Print every record exactly, omitting all pictures.

Start of Input data

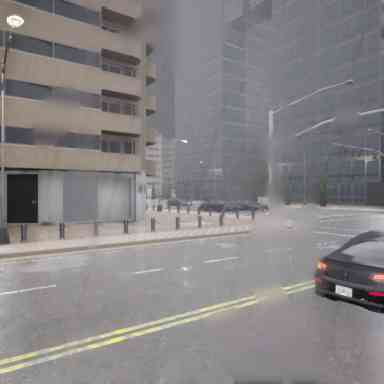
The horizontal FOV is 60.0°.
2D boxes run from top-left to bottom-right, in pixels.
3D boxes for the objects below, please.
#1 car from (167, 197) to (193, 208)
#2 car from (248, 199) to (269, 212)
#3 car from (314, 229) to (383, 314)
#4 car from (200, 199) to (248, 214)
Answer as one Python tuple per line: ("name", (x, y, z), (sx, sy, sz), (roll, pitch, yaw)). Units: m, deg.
("car", (-1.799, 1.437, 47.900), (2.128, 1.511, 4.902), (0, 0, -35))
("car", (6.021, 1.492, 36.822), (2.033, 1.411, 5.357), (0, 0, -36))
("car", (4.474, 1.526, 7.004), (4.674, 1.442, 1.812), (0, 0, -35))
("car", (2.978, 1.492, 35.067), (2.033, 1.411, 5.357), (0, 0, -36))
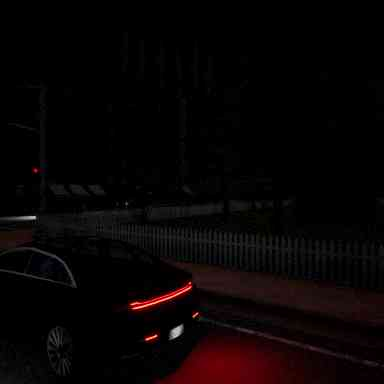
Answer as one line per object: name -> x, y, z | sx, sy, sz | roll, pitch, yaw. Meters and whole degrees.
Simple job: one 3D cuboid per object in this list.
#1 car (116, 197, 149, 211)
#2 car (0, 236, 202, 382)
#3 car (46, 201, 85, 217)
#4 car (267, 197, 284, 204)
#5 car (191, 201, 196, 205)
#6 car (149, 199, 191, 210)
car -> -6.991, 1.352, 39.911 | 2.097, 1.767, 4.553 | 0, 0, 34
car -> -2.153, 1.491, 5.477 | 4.902, 1.511, 2.128 | 0, 0, 36
car -> -12.409, 1.564, 31.888 | 1.994, 1.385, 4.181 | 0, 0, 34
car -> 15.180, 1.547, 59.910 | 2.033, 1.411, 5.357 | 0, 0, 34
car -> -1.432, 1.601, 48.131 | 1.895, 1.301, 4.718 | 0, 0, 34
car -> -2.536, 1.601, 39.899 | 1.895, 1.301, 4.718 | 0, 0, 34
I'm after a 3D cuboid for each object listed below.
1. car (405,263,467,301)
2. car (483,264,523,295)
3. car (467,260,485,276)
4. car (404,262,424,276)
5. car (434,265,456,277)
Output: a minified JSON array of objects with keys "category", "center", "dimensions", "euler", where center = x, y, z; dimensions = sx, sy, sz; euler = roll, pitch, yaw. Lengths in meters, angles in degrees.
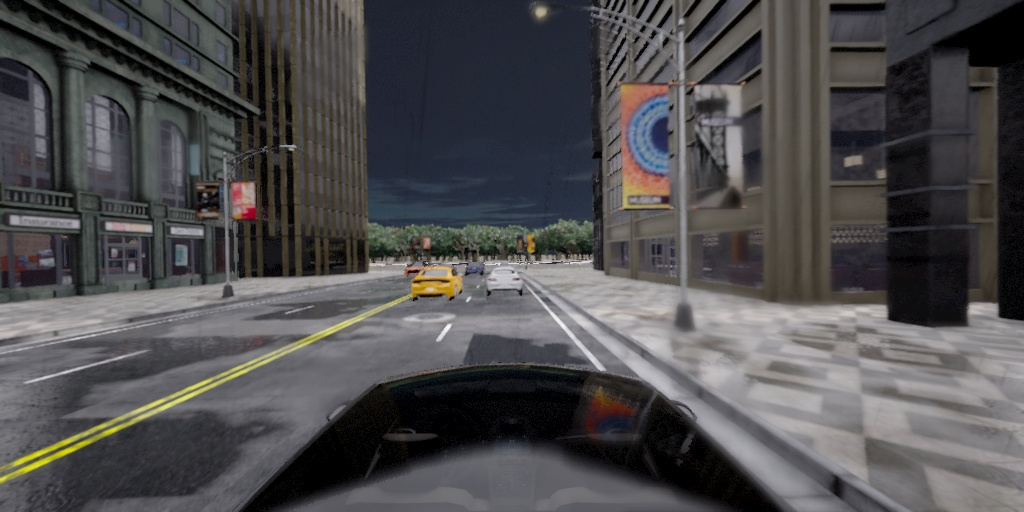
[{"category":"car","center":[-3.602,1.290,17.937],"dimensions":[1.882,1.535,5.008],"euler":[-1,0,-2]},{"category":"car","center":[-0.422,1.288,19.744],"dimensions":[1.812,1.442,4.674],"euler":[-1,0,-2]},{"category":"car","center":[-4.434,1.425,43.527],"dimensions":[2.097,1.767,4.553],"euler":[-1,-1,-2]},{"category":"car","center":[-11.064,1.517,41.937],"dimensions":[2.097,1.767,4.553],"euler":[-1,-1,-2]},{"category":"car","center":[-7.818,1.714,42.197],"dimensions":[1.895,1.301,4.718],"euler":[-1,-1,-2]}]
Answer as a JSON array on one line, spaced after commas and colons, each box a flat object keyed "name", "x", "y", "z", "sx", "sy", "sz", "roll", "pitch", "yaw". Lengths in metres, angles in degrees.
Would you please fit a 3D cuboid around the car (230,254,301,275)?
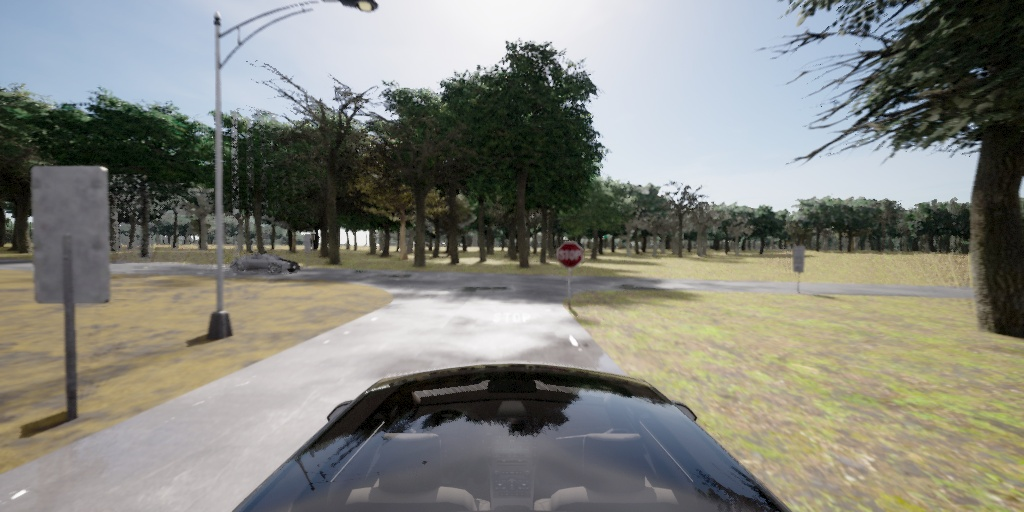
[{"name": "car", "x": -17.593, "y": 0.540, "z": 25.697, "sx": 4.181, "sy": 1.385, "sz": 1.994, "roll": 2, "pitch": 1, "yaw": -1}]
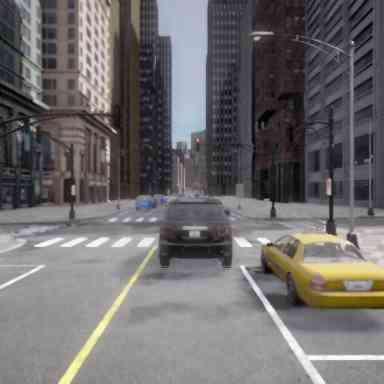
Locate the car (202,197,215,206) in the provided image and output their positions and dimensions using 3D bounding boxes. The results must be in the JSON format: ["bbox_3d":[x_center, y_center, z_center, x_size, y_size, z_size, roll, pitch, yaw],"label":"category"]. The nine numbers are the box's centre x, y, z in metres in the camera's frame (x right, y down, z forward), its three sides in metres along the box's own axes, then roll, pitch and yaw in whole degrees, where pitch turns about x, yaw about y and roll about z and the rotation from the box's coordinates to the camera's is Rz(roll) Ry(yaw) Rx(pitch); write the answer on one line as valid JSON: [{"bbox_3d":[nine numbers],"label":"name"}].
[{"bbox_3d":[2.755,1.541,56.818,1.887,1.381,4.507,0,0,0],"label":"car"}]

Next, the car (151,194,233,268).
[{"bbox_3d":[0.186,1.215,11.485,2.150,2.045,5.566,0,0,2],"label":"car"}]

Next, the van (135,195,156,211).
[{"bbox_3d":[-5.794,1.333,40.258,1.690,1.788,3.998,0,0,0],"label":"van"}]

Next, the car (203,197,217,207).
[{"bbox_3d":[2.758,1.539,51.293,1.887,1.381,4.507,0,0,0],"label":"car"}]

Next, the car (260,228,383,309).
[{"bbox_3d":[2.763,1.522,7.844,1.752,1.417,4.829,0,0,0],"label":"car"}]

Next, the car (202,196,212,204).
[{"bbox_3d":[2.752,1.525,62.513,1.752,1.417,4.829,0,0,0],"label":"car"}]

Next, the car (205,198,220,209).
[{"bbox_3d":[2.761,1.538,45.767,1.887,1.381,4.507,0,0,0],"label":"car"}]

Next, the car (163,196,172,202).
[{"bbox_3d":[-5.799,1.557,78.932,2.008,1.369,4.403,0,0,0],"label":"car"}]

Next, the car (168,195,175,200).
[{"bbox_3d":[-5.802,1.558,95.340,1.752,1.417,4.829,0,0,0],"label":"car"}]

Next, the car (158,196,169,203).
[{"bbox_3d":[-5.798,1.583,67.883,1.802,1.307,4.206,0,0,0],"label":"car"}]

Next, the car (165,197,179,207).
[{"bbox_3d":[-3.094,1.520,51.630,1.812,1.442,4.674,0,0,0],"label":"car"}]

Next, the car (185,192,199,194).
[{"bbox_3d":[-0.025,1.380,75.480,2.128,1.511,4.902,0,0,0],"label":"car"}]

End of Input data

Answer box:
The horizontal FOV is 60.0°.
2D boxes run from top-left to bottom-right, in pixels.
3D boxes for the objects below, please.
#1 car from (167, 197) to (193, 208)
#2 car from (248, 199) to (269, 212)
#3 car from (314, 229) to (383, 314)
#4 car from (200, 199) to (248, 214)
Answer as one Python tuple per line: ("name", (x, y, z), (sx, sy, sz), (roll, pitch, yaw)). Units: m, deg.
("car", (-1.799, 1.437, 47.900), (2.128, 1.511, 4.902), (0, 0, -35))
("car", (6.021, 1.492, 36.822), (2.033, 1.411, 5.357), (0, 0, -36))
("car", (4.474, 1.526, 7.004), (4.674, 1.442, 1.812), (0, 0, -35))
("car", (2.978, 1.492, 35.067), (2.033, 1.411, 5.357), (0, 0, -36))
Answer as one line per object: name -> x, y, z | sx, sy, sz | roll, pitch, yaw. Meters and whole degrees.
Simple job: one 3D cuboid per object in this list.
#1 car (116, 197, 149, 211)
#2 car (0, 236, 202, 382)
#3 car (46, 201, 85, 217)
#4 car (267, 197, 284, 204)
#5 car (191, 201, 196, 205)
#6 car (149, 199, 191, 210)
car -> -6.991, 1.352, 39.911 | 2.097, 1.767, 4.553 | 0, 0, 34
car -> -2.153, 1.491, 5.477 | 4.902, 1.511, 2.128 | 0, 0, 36
car -> -12.409, 1.564, 31.888 | 1.994, 1.385, 4.181 | 0, 0, 34
car -> 15.180, 1.547, 59.910 | 2.033, 1.411, 5.357 | 0, 0, 34
car -> -1.432, 1.601, 48.131 | 1.895, 1.301, 4.718 | 0, 0, 34
car -> -2.536, 1.601, 39.899 | 1.895, 1.301, 4.718 | 0, 0, 34
I'm after a 3D cuboid for each object listed below.
1. car (405,263,467,301)
2. car (483,264,523,295)
3. car (467,260,485,276)
4. car (404,262,424,276)
5. car (434,265,456,277)
Output: a minified JSON array of objects with keys "category", "center", "dimensions", "euler", where center = x, y, z; dimensions = sx, sy, sz; euler = roll, pitch, yaw. Lengths in meters, angles in degrees.
[{"category":"car","center":[-3.602,1.290,17.937],"dimensions":[1.882,1.535,5.008],"euler":[-1,0,-2]},{"category":"car","center":[-0.422,1.288,19.744],"dimensions":[1.812,1.442,4.674],"euler":[-1,0,-2]},{"category":"car","center":[-4.434,1.425,43.527],"dimensions":[2.097,1.767,4.553],"euler":[-1,-1,-2]},{"category":"car","center":[-11.064,1.517,41.937],"dimensions":[2.097,1.767,4.553],"euler":[-1,-1,-2]},{"category":"car","center":[-7.818,1.714,42.197],"dimensions":[1.895,1.301,4.718],"euler":[-1,-1,-2]}]
Answer as a JSON array on one line, spaced after commas and colons, each box a flat object keyed "name", "x", "y", "z", "sx", "sy", "sz", "roll", "pitch", "yaw". Lengths in metres, angles in degrees.
Would you please fit a 3D cuboid around the car (230,254,301,275)?
[{"name": "car", "x": -17.593, "y": 0.540, "z": 25.697, "sx": 4.181, "sy": 1.385, "sz": 1.994, "roll": 2, "pitch": 1, "yaw": -1}]
Locate the car (202,197,215,206) in the provided image and output their positions and dimensions using 3D bounding boxes. The results must be in the JSON format: ["bbox_3d":[x_center, y_center, z_center, x_size, y_size, z_size, roll, pitch, yaw],"label":"category"]. The nine numbers are the box's centre x, y, z in metres in the camera's frame (x right, y down, z forward), its three sides in metres along the box's own axes, then roll, pitch and yaw in whole degrees, where pitch turns about x, yaw about y and roll about z and the rotation from the box's coordinates to the camera's is Rz(roll) Ry(yaw) Rx(pitch); write the answer on one line as valid JSON: [{"bbox_3d":[nine numbers],"label":"name"}].
[{"bbox_3d":[2.755,1.541,56.818,1.887,1.381,4.507,0,0,0],"label":"car"}]

Next, the car (151,194,233,268).
[{"bbox_3d":[0.186,1.215,11.485,2.150,2.045,5.566,0,0,2],"label":"car"}]

Next, the van (135,195,156,211).
[{"bbox_3d":[-5.794,1.333,40.258,1.690,1.788,3.998,0,0,0],"label":"van"}]

Next, the car (203,197,217,207).
[{"bbox_3d":[2.758,1.539,51.293,1.887,1.381,4.507,0,0,0],"label":"car"}]

Next, the car (260,228,383,309).
[{"bbox_3d":[2.763,1.522,7.844,1.752,1.417,4.829,0,0,0],"label":"car"}]

Next, the car (202,196,212,204).
[{"bbox_3d":[2.752,1.525,62.513,1.752,1.417,4.829,0,0,0],"label":"car"}]

Next, the car (205,198,220,209).
[{"bbox_3d":[2.761,1.538,45.767,1.887,1.381,4.507,0,0,0],"label":"car"}]

Next, the car (163,196,172,202).
[{"bbox_3d":[-5.799,1.557,78.932,2.008,1.369,4.403,0,0,0],"label":"car"}]

Next, the car (168,195,175,200).
[{"bbox_3d":[-5.802,1.558,95.340,1.752,1.417,4.829,0,0,0],"label":"car"}]

Next, the car (158,196,169,203).
[{"bbox_3d":[-5.798,1.583,67.883,1.802,1.307,4.206,0,0,0],"label":"car"}]

Next, the car (165,197,179,207).
[{"bbox_3d":[-3.094,1.520,51.630,1.812,1.442,4.674,0,0,0],"label":"car"}]

Next, the car (185,192,199,194).
[{"bbox_3d":[-0.025,1.380,75.480,2.128,1.511,4.902,0,0,0],"label":"car"}]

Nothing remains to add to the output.